## Given records
+---+
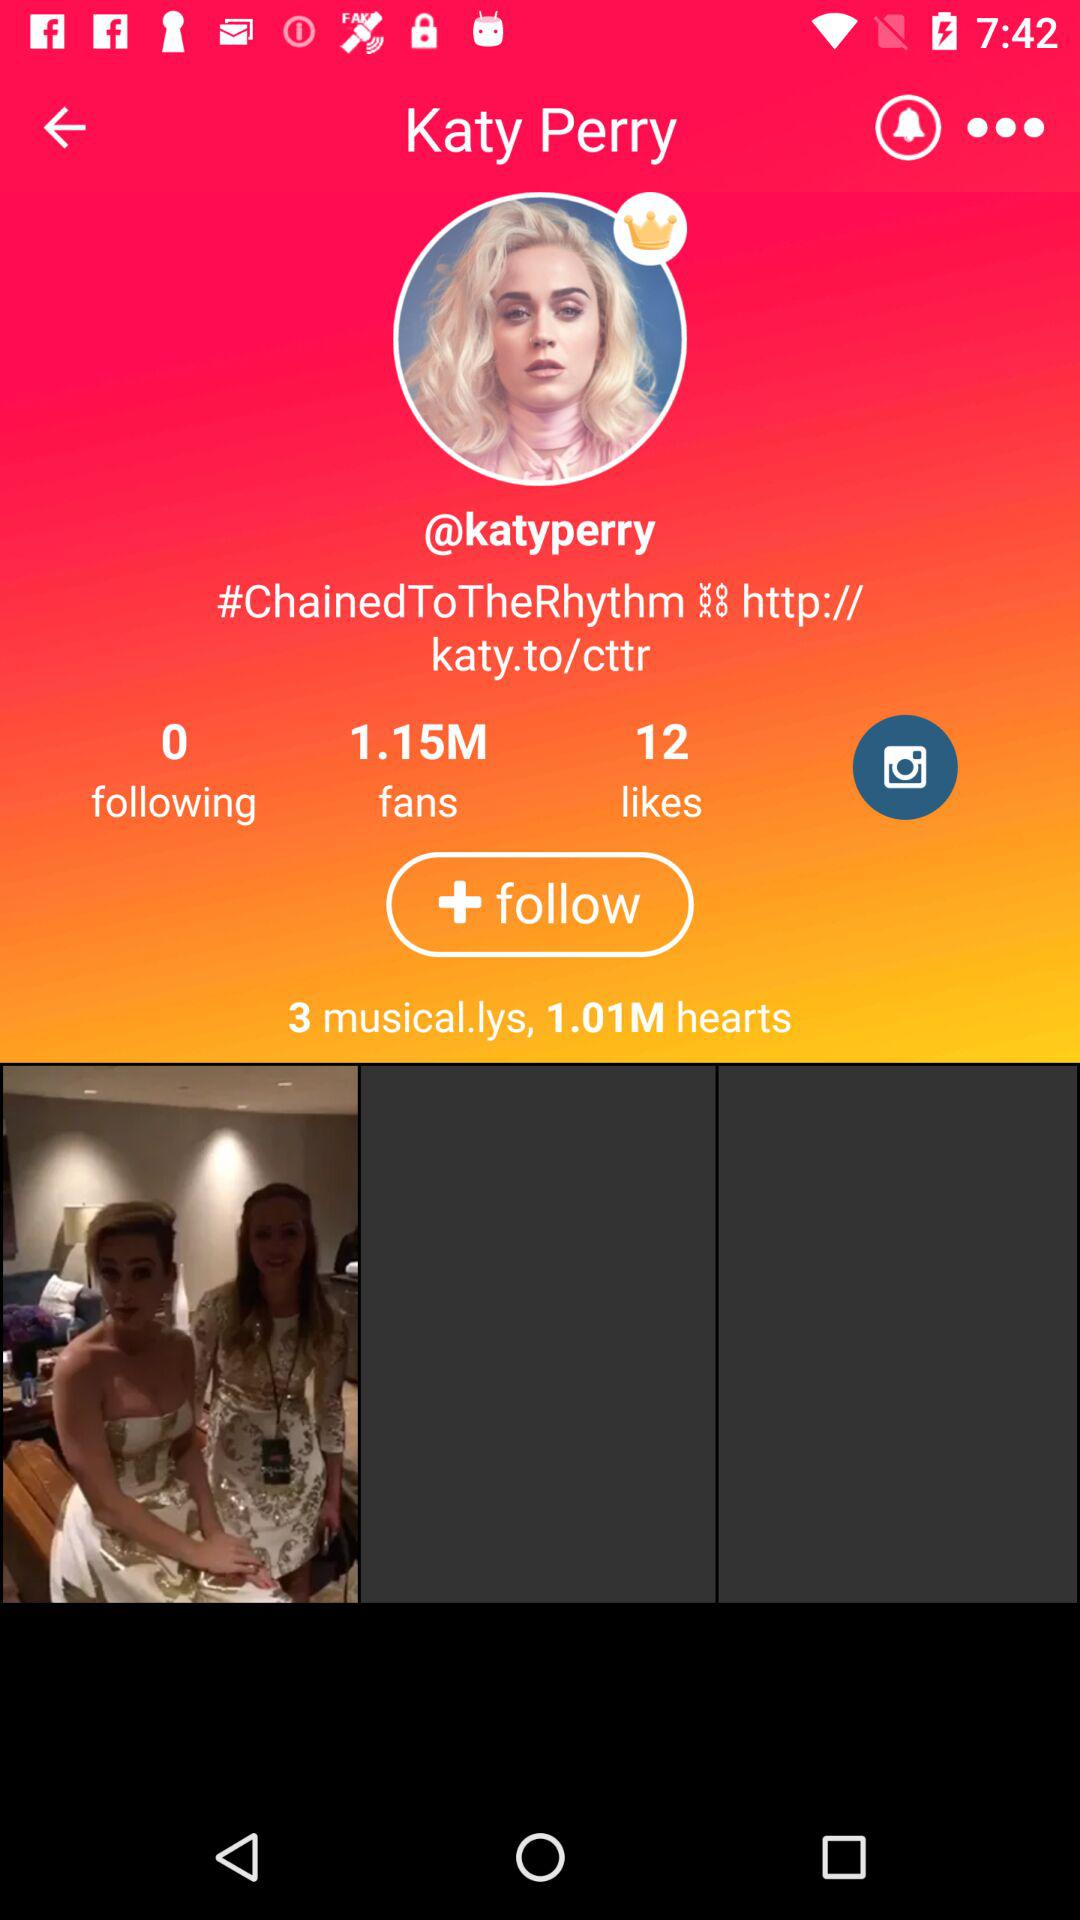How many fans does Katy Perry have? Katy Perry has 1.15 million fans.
+---+
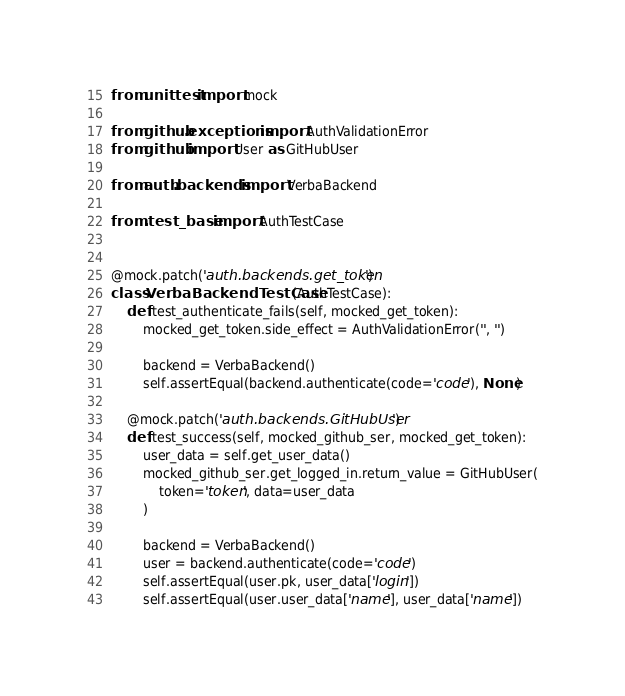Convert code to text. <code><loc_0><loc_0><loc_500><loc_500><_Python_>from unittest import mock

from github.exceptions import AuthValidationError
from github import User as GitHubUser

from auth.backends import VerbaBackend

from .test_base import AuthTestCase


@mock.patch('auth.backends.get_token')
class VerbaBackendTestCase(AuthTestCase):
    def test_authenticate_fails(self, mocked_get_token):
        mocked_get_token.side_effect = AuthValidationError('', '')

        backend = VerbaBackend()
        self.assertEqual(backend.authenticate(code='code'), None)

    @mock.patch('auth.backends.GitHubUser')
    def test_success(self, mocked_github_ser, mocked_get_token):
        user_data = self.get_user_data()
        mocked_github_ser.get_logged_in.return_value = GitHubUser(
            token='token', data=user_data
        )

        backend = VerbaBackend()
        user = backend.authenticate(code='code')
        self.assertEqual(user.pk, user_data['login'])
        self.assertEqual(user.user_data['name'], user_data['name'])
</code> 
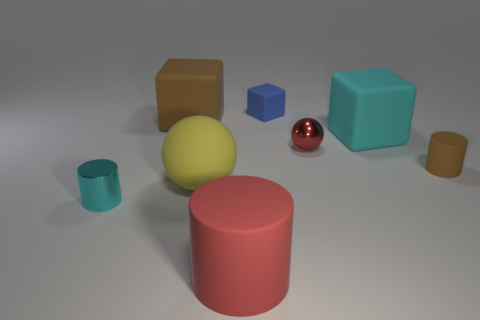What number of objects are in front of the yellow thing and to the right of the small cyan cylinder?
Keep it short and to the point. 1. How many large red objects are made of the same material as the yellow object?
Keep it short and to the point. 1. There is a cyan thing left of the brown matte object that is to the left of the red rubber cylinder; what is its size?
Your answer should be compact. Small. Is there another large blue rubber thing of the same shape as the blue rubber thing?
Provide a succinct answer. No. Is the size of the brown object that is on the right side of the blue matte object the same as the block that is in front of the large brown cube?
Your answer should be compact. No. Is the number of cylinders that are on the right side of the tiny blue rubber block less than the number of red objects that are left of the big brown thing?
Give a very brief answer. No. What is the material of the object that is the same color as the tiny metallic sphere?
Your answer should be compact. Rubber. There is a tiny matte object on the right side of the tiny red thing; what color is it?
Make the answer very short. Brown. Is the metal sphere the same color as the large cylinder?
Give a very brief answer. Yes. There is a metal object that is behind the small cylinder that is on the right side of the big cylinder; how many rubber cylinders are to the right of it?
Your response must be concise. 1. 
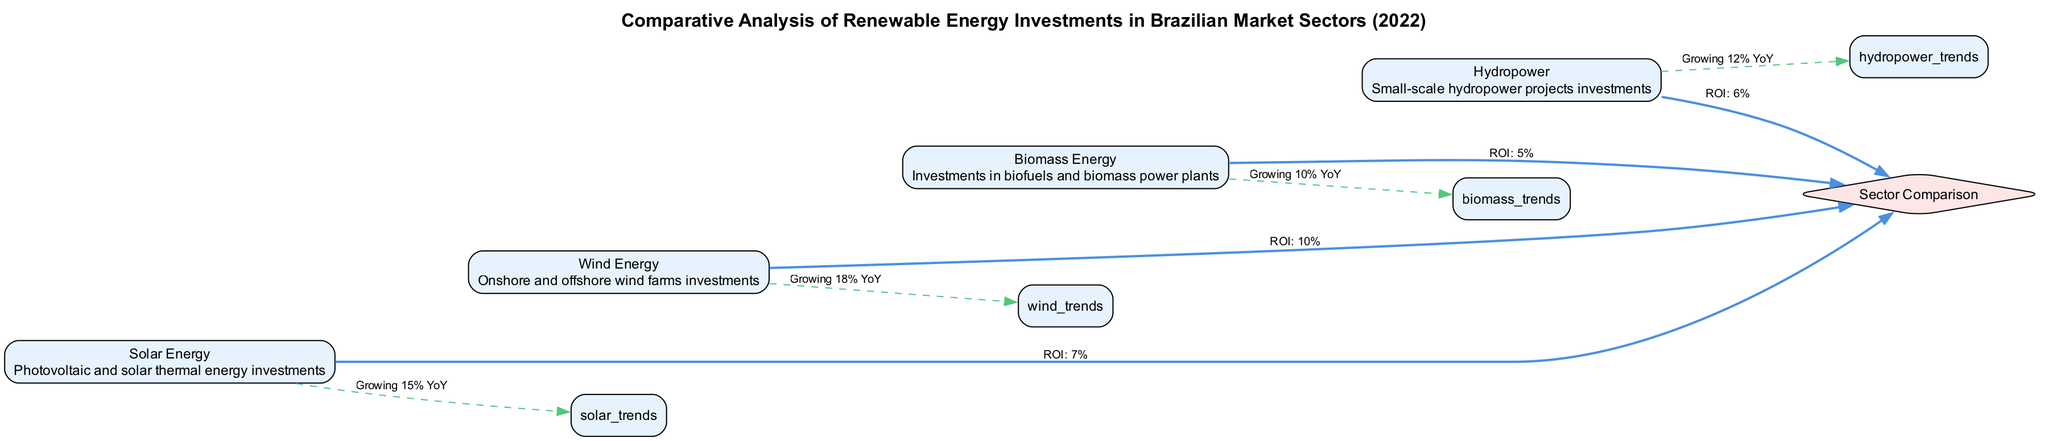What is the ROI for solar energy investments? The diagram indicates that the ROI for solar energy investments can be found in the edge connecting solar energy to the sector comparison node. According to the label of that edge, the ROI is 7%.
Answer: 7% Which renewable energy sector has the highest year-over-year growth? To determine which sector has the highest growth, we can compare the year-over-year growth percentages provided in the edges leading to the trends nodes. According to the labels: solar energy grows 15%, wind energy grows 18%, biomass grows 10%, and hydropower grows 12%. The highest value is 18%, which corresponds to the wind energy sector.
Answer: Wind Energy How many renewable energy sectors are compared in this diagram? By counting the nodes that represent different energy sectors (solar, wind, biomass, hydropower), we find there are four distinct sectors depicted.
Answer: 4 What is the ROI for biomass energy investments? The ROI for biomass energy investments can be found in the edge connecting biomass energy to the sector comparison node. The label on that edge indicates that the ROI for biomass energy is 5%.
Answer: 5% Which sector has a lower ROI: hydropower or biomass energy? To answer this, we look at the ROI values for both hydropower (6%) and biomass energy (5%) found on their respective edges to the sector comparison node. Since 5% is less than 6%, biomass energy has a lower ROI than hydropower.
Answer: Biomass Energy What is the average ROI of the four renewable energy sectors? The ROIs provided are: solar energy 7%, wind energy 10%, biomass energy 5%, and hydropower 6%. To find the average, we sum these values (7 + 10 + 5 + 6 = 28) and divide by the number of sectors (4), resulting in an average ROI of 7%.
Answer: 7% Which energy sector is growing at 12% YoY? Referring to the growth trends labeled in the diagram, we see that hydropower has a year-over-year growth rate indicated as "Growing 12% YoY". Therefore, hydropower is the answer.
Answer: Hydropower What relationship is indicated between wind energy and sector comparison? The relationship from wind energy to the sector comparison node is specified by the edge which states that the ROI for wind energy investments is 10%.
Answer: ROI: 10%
+---+
## Aim of the task
Find all lines in the records that hold the word "left". Copy them.

## Your response
Keep it short and to the point. 1. There is a cyan thing left of the brown matte object that is to the left of the red rubber cylinder; what is its size?
Your answer should be compact. No. Is the number of cylinders that are on the right side of the tiny blue rubber block less than the number of red objects that are left of the big brown thing?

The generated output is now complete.